Appeal from an order of the Supreme Court (Aulisi, *918J.), entered July 21, 2005 in Fulton County, which granted petitioner’s application, in a proceeding pursuant to CPLR article 70, and discharged petitioner.
Following a hearing pursuant to Family Ct Act article 4 and a subsequent confirmation hearing, Family Court confirmed the Support Magistrate’s decision finding petitioner in contempt for willfully failing to pay court-ordered child support and directed her immediate incarceration in the Fulton County Jail for 180 days. Petitioner then commenced this CPLR article 70 proceeding for a writ of habeas corpus alleging that she was unlawfully detained by respondent because Family Court had not properly advised her of the right to counsel guaranteed by Family Ct Act § 262. Supreme Court granted petitioner’s application and directed her immediate release. Respondent now appeals, and we affirm.
Although respondent now argues that habeas corpus relief was unavailable because petitioner could have appealed Family Court’s contempt order, the record does not reflect that this argument was made to Supreme Court. Accordingly, the argument is unpreserved. Were we to consider it in the interest of justice, we would find that petitioner was not required to first pursue an appeal, and she could utilize the writ to seek immediate release because she alleged the deprivation of an absolute and fundamental right (see Family Ct Act § 262 [a] [vi]; People ex rel. Lobenthal v Koehler, 129 AD2d 28, 31 [1987]).
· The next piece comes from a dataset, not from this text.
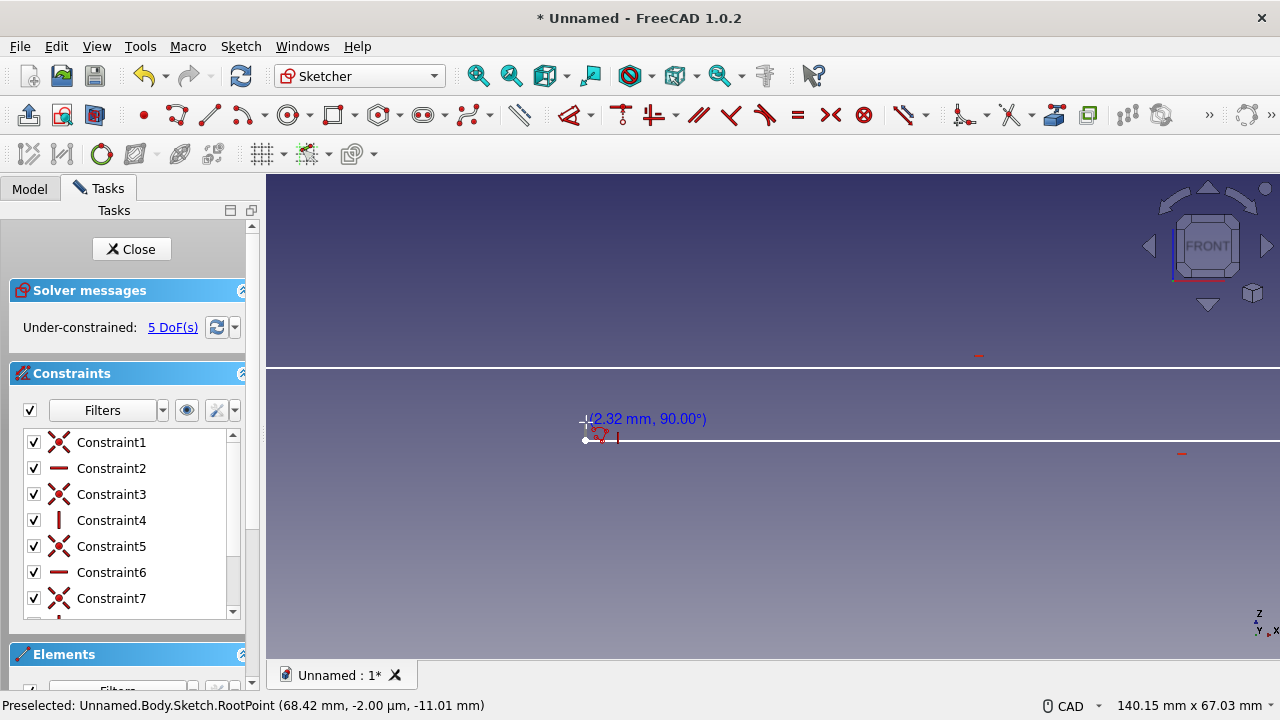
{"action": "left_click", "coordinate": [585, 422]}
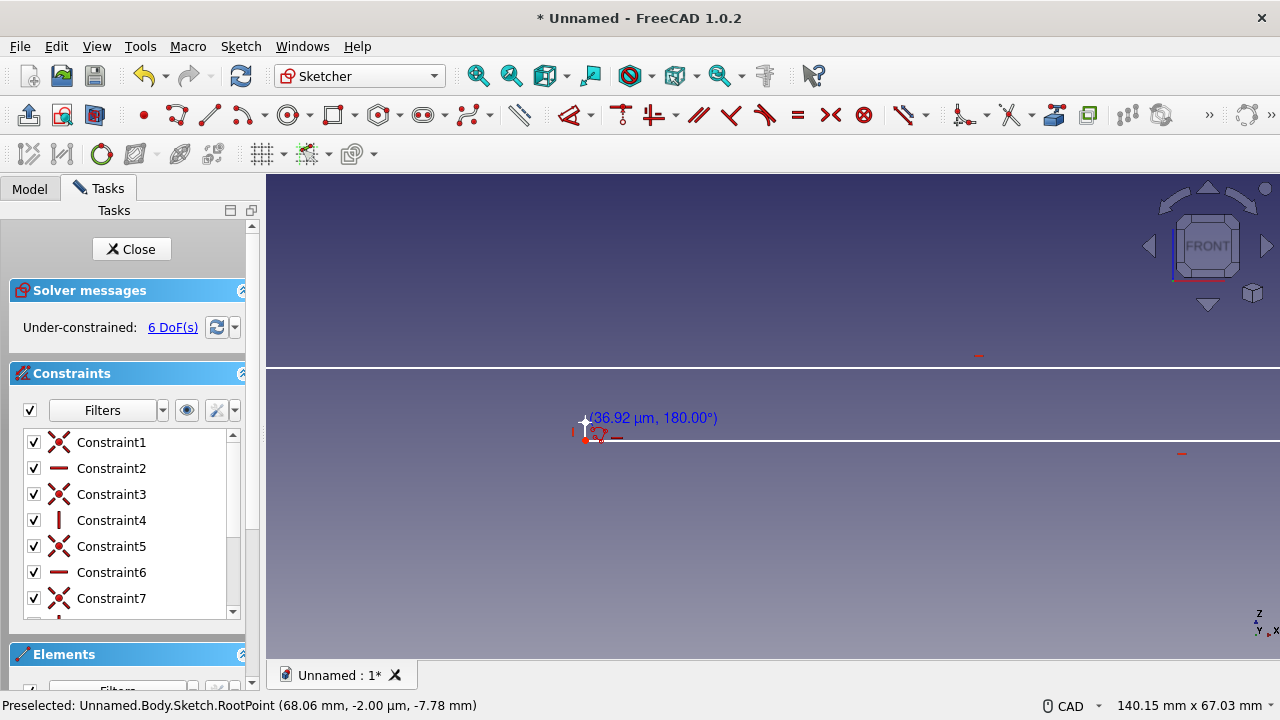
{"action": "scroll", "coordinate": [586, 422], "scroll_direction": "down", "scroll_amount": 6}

As we have often noted, when a party is not fully informed of the statutory rights to be represented by counsel, to seek an adjournment to consult with counsel and to have counsel provided if he or she cannot afford to retain counsel, the resulting adjudication cannot result in incarceration (see Matter of Brunette v Bibeau, 18 AD3d 927, 929 [2005]; Matter of Williams-Foreman v Crandell, 306 AD2d 570, 571 [2003]). Further, Family Court is obligated to conduct an “in depth inquiry to ascertain that the [party’s] decision to proceed [without counsel] was knowingly, intelligently and voluntarily made” (Matter of Lee v Stark, 1 AD3d 815, 816 [2003]; see Matter of Anderson v Hailey, 13 AD3d 911, 912 [2004]).
At the first appearance, the Support Magistrate advised petitioner only that she was entitled to be represented by an attorney and might be eligible for representation by the Public Defender’s office. Petitioner was then told that she had to apply for such representation within two weeks, even though the hearing date was set for nearly four months later. Although petitioner stated that she intended to apply, she did not do so, and she did not appear at the evidentiary hearing because she *919believed that Timothy Foote had agreed in a related custody proceeding not to pursue the support violation. Upon petitioner’s default, the Support Magistrate found her in contempt and recommended incarceration. Two weeks later, at the confirmation hearing, petitioner appeared and voiced her wish not to proceed without counsel. Despite its obligation to address the issue of representation and rectify any deficiencies (see Matter of Wilder v Bufe, 25 AD3d 827, 828 [2006]), Family Court merely told petitioner that her request was “too late” and ordered her incarcerated unless she paid the full child support arrears of $4,488. Thus, in addition to failing to assure that petitioner had been properly advised of her right to assigned counsel, Family Court denied her that right when she attempted to exercise it at the confirmation hearing (see Matter of Brunette v Bibeau, supra at 929). Moreover, nothing in the record before us can be read to constitute a knowing and intelligent waiver of petitioner’s rights at either her first appearance or the confirmation hearing (see Matter of Wilder v Bufe, supra at 828-829). Accordingly, Supreme Court properly granted the writ.
Mercure, J.P., Crew III, Peters and Kane, JJ., concur. Ordered that the order is affirmed, without costs.